At first I was rather surprised because, honestly, I had never encountered any other professor who was willing to put in all this work to try meet my needs. It didn't matter how much extra work, she was willing to do it and help give me the full learning experience of studying sound. So we worked together through the sound unit as the class progressed.
And I remember one day in class we were studying "Multimodality in Motion" (Yergeau et al., 2013) related to disability things. And that day when the professor showed and we were studying that it was truly an eye-opening time for all my classmates. Also, for me—I was learning from it too. Having that learning experience so far really touched and amazed my classmates. We all realized what a difference it makes. Every student's learning experience is different. It always applies to everyone differently, and that applies to sound.
In addition to dedicating a portion of the course to discussing issues of accessibility, we reviewed the course's new accessibility policy, requiring student projects provide redundant modalities and points of access for diverse users. It was not enough that these undergraduates learn how to listen or soundwrite; a new media composer needed to recognize audiences whose bodies responded differently and must attempt to design projects that can be more accessible from inception.
ENGL 429 Accessibility Policy in Syllabus (Spring 2015)
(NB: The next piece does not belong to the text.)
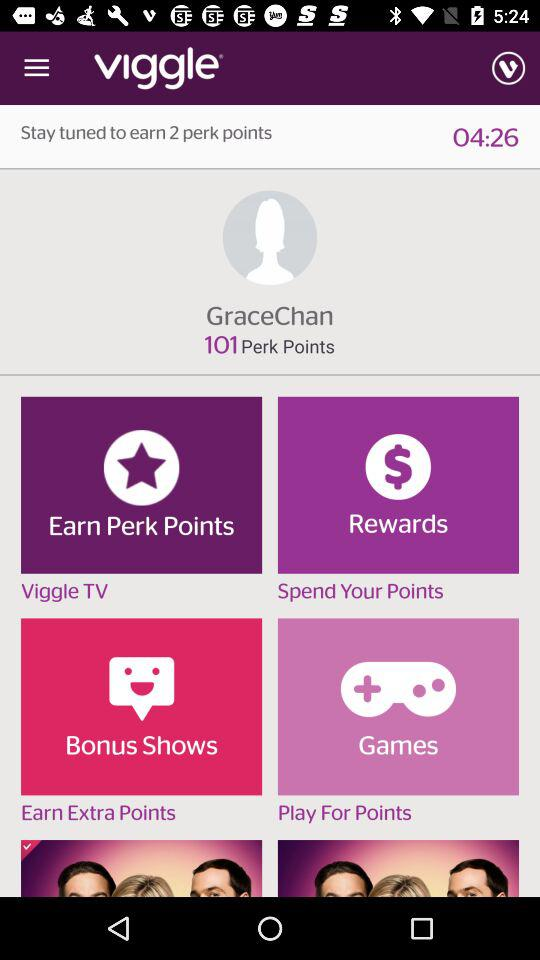What is the user name? The user name is Grace Chan.

We will discuss issues of accessibility in this class, especially with consideration for users with disabilities. In the spirit of the Rehabilitation Act, I will ask that you provide texts that are accessible to individuals with disabilities in so much as it doesn't create undue hardship on your project(s). This means providing information like alt text to images, closed captioning for video, and transcripts for audio. We will explore the functional process of formatting your projects for accessibility together. As a result, I hope that you will gain an awareness of how texts are experienced uniquely with each audience.
Our class enthusiastically welcomed workshops on captioning videos, creating transcripts for sound, and locating auxiliary files in web texts for user access. Our sensory-opening experience led many students to a heightened awareness of accessibility with sound. Katie, another student in the class, responded to that week's activities on her blog, where she wrote, "It's a multimodal arrogance for a producer/consumer to think that their response to modalities is true for all. If this were true, no new thought would ever occur" (Hudson, 2014).
In sonic terms, I think this is where we drop the mic.